To address two key challenges in vision-only 3D occupancy estimation— inaccurate depth modeling and poor generalization due to sparse LiDAR supervision—this paper proposes a tightly integrated implicit-explicit 3D occupancy network. Methodologically: (1) it jointly leverages lift-based explicit depth prediction and projection-based implicit Transformers to enhance geometric consistency in 2D-to-3D view transformation; (2) it introduces a masked encoder-decoder architecture to improve fine-grained semantic discrimination; and (3) it incorporates context-aware self-supervised losses based on depth re-rendering and image reconstruction, enabling dense, annotation-free depth supervision. Employing a lightweight image backbone, the method achieves state-of-the-art performance on Occ3D-nuScenes at the lowest resolution, with a 3.3% absolute improvement in mean Intersection-over-Union (mIoU) over the baseline.

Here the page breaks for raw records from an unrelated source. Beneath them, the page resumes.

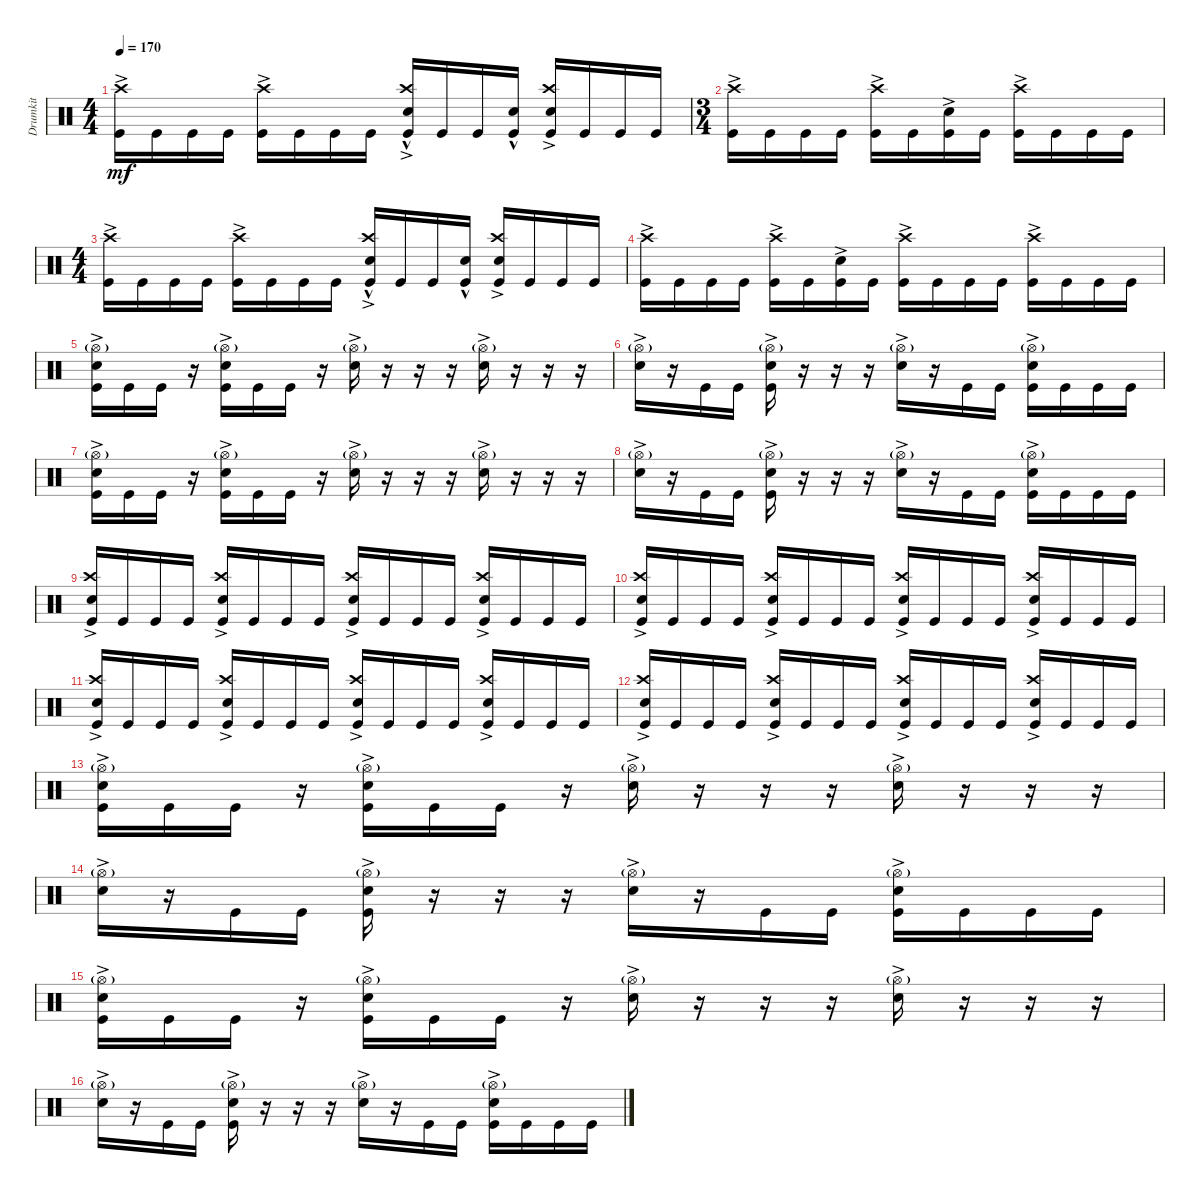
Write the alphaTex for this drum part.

\track ("Drumkit" "Drumkit") {instrument percussion}
\staff {score}
\articulation defaults
\ts (4 4)
\tempo 170
\clef neutral
\ks c
("Kick (hit)" "Crash high (hit)"{ac}).16{dy mf} "Kick (hit)".16 "Kick (hit)".16 "Kick (hit)".16 ("Kick (hit)" "Crash high (hit)"{ac}).16 "Kick (hit)".16 "Kick (hit)".16 "Kick (hit)".16 ("Kick (hit)" "Snare (hit) 2"{hac} "Crash high (hit)"{ac}).16 "Kick (hit)".16 "Kick (hit)".16 ("Kick (hit)" "Snare (hit) 2"{hac}).16 ("Kick (hit)" "Snare (hit) 2"{ac} "Crash high (hit)"{ac}).16 "Kick (hit)".16 "Kick (hit)".16 "Kick (hit)".16 |
\ts (3 4)
("Kick (hit)" "Crash high (hit)"{ac}).16 "Kick (hit)".16 "Kick (hit)".16 "Kick (hit)".16 ("Kick (hit)" "Crash high (hit)"{ac}).16 "Kick (hit)".16 ("Kick (hit)" "Snare (hit) 2"{ac}).16 "Kick (hit)".16 ("Kick (hit)" "Crash high (hit)"{ac}).16 "Kick (hit)".16 "Kick (hit)".16 "Kick (hit)".16 |
\ts (4 4)
("Kick (hit)" "Crash high (hit)"{ac}).16 "Kick (hit)".16 "Kick (hit)".16 "Kick (hit)".16 ("Kick (hit)" "Crash high (hit)"{ac}).16 "Kick (hit)".16 "Kick (hit)".16 "Kick (hit)".16 ("Kick (hit)" "Snare (hit) 2"{hac} "Crash high (hit)"{ac}).16 "Kick (hit)".16 "Kick (hit)".16 ("Kick (hit)" "Snare (hit) 2"{hac}).16 ("Kick (hit)" "Snare (hit) 2"{ac} "Crash high (hit)"{ac}).16 "Kick (hit)".16 "Kick (hit)".16 "Kick (hit)".16 |
("Kick (hit)" "Crash high (hit)"{ac}).16 "Kick (hit)".16 "Kick (hit)".16 "Kick (hit)".16 ("Kick (hit)" "Crash high (hit)"{ac}).16 "Kick (hit)".16 ("Kick (hit)" "Snare (hit) 2"{ac}).16 "Kick (hit)".16 ("Kick (hit)" "Crash high (hit)"{ac}).16 "Kick (hit)".16 "Kick (hit)".16 "Kick (hit)".16 ("Kick (hit)" "Crash high (hit)"{ac}).16 "Kick (hit)".16 "Kick (hit)".16 "Kick (hit)".16 |
("Snare (hit) 2"{ac} "Kick (hit)" "Hi-Hat (open)"{g}).16 "Kick (hit)".16 "Kick (hit)".16 r.16 ("Snare (hit) 2"{ac} "Kick (hit)" "Hi-Hat (open)"{g}).16 "Kick (hit)".16 "Kick (hit)".16 r.16 ("Snare (hit) 2"{ac} "Hi-Hat (open)"{g}).16 r.16 r.16 r.16 ("Snare (hit) 2"{ac} "Hi-Hat (open)"{g}).16 r.16 r.16 r.16 |
("Snare (hit) 2"{ac} "Hi-Hat (open)"{g}).16 r.16 "Kick (hit)".16 "Kick (hit)".16 ("Snare (hit) 2"{ac} "Kick (hit)" "Hi-Hat (open)"{g}).16 r.16 r.16 r.16 ("Snare (hit) 2"{ac} "Hi-Hat (open)"{g}).16 r.16 "Kick (hit)".16 "Kick (hit)".16 ("Snare (hit) 2"{ac} "Kick (hit)" "Hi-Hat (open)"{g}).16 "Kick (hit)".16 "Kick (hit)".16 "Kick (hit)".16 |
("Snare (hit) 2"{ac} "Kick (hit)" "Hi-Hat (open)"{g}).16 "Kick (hit)".16 "Kick (hit)".16 r.16 ("Snare (hit) 2"{ac} "Kick (hit)" "Hi-Hat (open)"{g}).16 "Kick (hit)".16 "Kick (hit)".16 r.16 ("Snare (hit) 2"{ac} "Hi-Hat (open)"{g}).16 r.16 r.16 r.16 ("Snare (hit) 2"{ac} "Hi-Hat (open)"{g}).16 r.16 r.16 r.16 |
("Snare (hit) 2"{ac} "Hi-Hat (open)"{g}).16 r.16 "Kick (hit)".16 "Kick (hit)".16 ("Snare (hit) 2"{ac} "Kick (hit)" "Hi-Hat (open)"{g}).16 r.16 r.16 r.16 ("Snare (hit) 2"{ac} "Hi-Hat (open)"{g}).16 r.16 "Kick (hit)".16 "Kick (hit)".16 ("Snare (hit) 2"{ac} "Kick (hit)" "Hi-Hat (open)"{g}).16 "Kick (hit)".16 "Kick (hit)".16 "Kick (hit)".16 |
("Snare (hit) 2"{ac} "Kick (hit)" "Crash high (hit)").16 "Kick (hit)".16 "Kick (hit)".16 "Kick (hit)".16 ("Snare (hit) 2"{ac} "Kick (hit)" "Crash high (hit)").16 "Kick (hit)".16 "Kick (hit)".16 "Kick (hit)".16 ("Snare (hit) 2"{ac} "Kick (hit)" "Crash high (hit)").16 "Kick (hit)".16 "Kick (hit)".16 "Kick (hit)".16 ("Snare (hit) 2"{ac} "Kick (hit)" "Crash high (hit)").16 "Kick (hit)".16 "Kick (hit)".16 "Kick (hit)".16 |
("Snare (hit) 2"{ac} "Kick (hit)" "Crash high (hit)").16 "Kick (hit)".16 "Kick (hit)".16 "Kick (hit)".16 ("Snare (hit) 2"{ac} "Kick (hit)" "Crash high (hit)").16 "Kick (hit)".16 "Kick (hit)".16 "Kick (hit)".16 ("Snare (hit) 2"{ac} "Kick (hit)" "Crash high (hit)").16 "Kick (hit)".16 "Kick (hit)".16 "Kick (hit)".16 ("Snare (hit) 2"{ac} "Kick (hit)" "Crash high (hit)").16 "Kick (hit)".16 "Kick (hit)".16 "Kick (hit)".16 |
("Snare (hit) 2"{ac} "Kick (hit)" "Crash high (hit)").16 "Kick (hit)".16 "Kick (hit)".16 "Kick (hit)".16 ("Snare (hit) 2"{ac} "Kick (hit)" "Crash high (hit)").16 "Kick (hit)".16 "Kick (hit)".16 "Kick (hit)".16 ("Snare (hit) 2"{ac} "Kick (hit)" "Crash high (hit)").16 "Kick (hit)".16 "Kick (hit)".16 "Kick (hit)".16 ("Snare (hit) 2"{ac} "Kick (hit)" "Crash high (hit)").16 "Kick (hit)".16 "Kick (hit)".16 "Kick (hit)".16 |
("Snare (hit) 2"{ac} "Kick (hit)" "Crash high (hit)").16 "Kick (hit)".16 "Kick (hit)".16 "Kick (hit)".16 ("Snare (hit) 2"{ac} "Kick (hit)" "Crash high (hit)").16 "Kick (hit)".16 "Kick (hit)".16 "Kick (hit)".16 ("Snare (hit) 2"{ac} "Kick (hit)" "Crash high (hit)").16 "Kick (hit)".16 "Kick (hit)".16 "Kick (hit)".16 ("Snare (hit) 2"{ac} "Kick (hit)" "Crash high (hit)").16 "Kick (hit)".16 "Kick (hit)".16 "Kick (hit)".16 |
("Snare (hit) 2"{ac} "Kick (hit)" "Hi-Hat (open)"{g}).16 "Kick (hit)".16 "Kick (hit)".16 r.16 ("Snare (hit) 2"{ac} "Kick (hit)" "Hi-Hat (open)"{g}).16 "Kick (hit)".16 "Kick (hit)".16 r.16 ("Snare (hit) 2"{ac} "Hi-Hat (open)"{g}).16 r.16 r.16 r.16 ("Snare (hit) 2"{ac} "Hi-Hat (open)"{g}).16 r.16 r.16 r.16 |
("Snare (hit) 2"{ac} "Hi-Hat (open)"{g}).16 r.16 "Kick (hit)".16 "Kick (hit)".16 ("Snare (hit) 2"{ac} "Kick (hit)" "Hi-Hat (open)"{g}).16 r.16 r.16 r.16 ("Snare (hit) 2"{ac} "Hi-Hat (open)"{g}).16 r.16 "Kick (hit)".16 "Kick (hit)".16 ("Snare (hit) 2"{ac} "Kick (hit)" "Hi-Hat (open)"{g}).16 "Kick (hit)".16 "Kick (hit)".16 "Kick (hit)".16 |
("Snare (hit) 2"{ac} "Kick (hit)" "Hi-Hat (open)"{g}).16 "Kick (hit)".16 "Kick (hit)".16 r.16 ("Snare (hit) 2"{ac} "Kick (hit)" "Hi-Hat (open)"{g}).16 "Kick (hit)".16 "Kick (hit)".16 r.16 ("Snare (hit) 2"{ac} "Hi-Hat (open)"{g}).16 r.16 r.16 r.16 ("Snare (hit) 2"{ac} "Hi-Hat (open)"{g}).16 r.16 r.16 r.16 |
("Snare (hit) 2"{ac} "Hi-Hat (open)"{g}).16 r.16 "Kick (hit)".16 "Kick (hit)".16 ("Snare (hit) 2"{ac} "Kick (hit)" "Hi-Hat (open)"{g}).16 r.16 r.16 r.16 ("Snare (hit) 2"{ac} "Hi-Hat (open)"{g}).16 r.16 "Kick (hit)".16 "Kick (hit)".16 ("Snare (hit) 2"{ac} "Kick (hit)" "Hi-Hat (open)"{g}).16 "Kick (hit)".16 "Kick (hit)".16 "Kick (hit)".16

3D occupancy perception holds a pivotal role in recent vision-centric autonomous driving systems by converting surround-view images into integrated geometric and semantic representations within dense 3D grids. Nevertheless, current models still encounter two main challenges: modeling depth accurately in the 2D-3D view transformation stage, and overcoming the lack of generalizability issues due to sparse LiDAR supervision. To address these issues, this paper presents GEOcc, a Geometric-Enhanced Occupancy network tailored for vision-only surround-view perception. Our approach is three-fold: 1) Integration of explicit lift-based depth prediction and implicit projection-based transformers for depth modeling, enhancing the density and robustness of view transformation. 2) Utilization of mask-based encoder-decoder architecture for fine-grained semantic predictions; 3) Adoption of context-aware self-training loss functions in the pertaining stage to complement LiDAR supervision, involving the re-rendering of 2D depth maps from 3D occupancy features and leveraging image reconstruction loss to obtain denser depth supervision besides sparse LiDAR ground-truths. Our approach achieves State-Of-The-Art performance on the Occ3D-nuScenes dataset with the least image resolution needed and the most weightless image backbone compared with current models, marking an improvement of 3.3% due to our proposed contributions. Comprehensive experimentation also demonstrates the consistent superiority of our method over baselines and alternative approaches.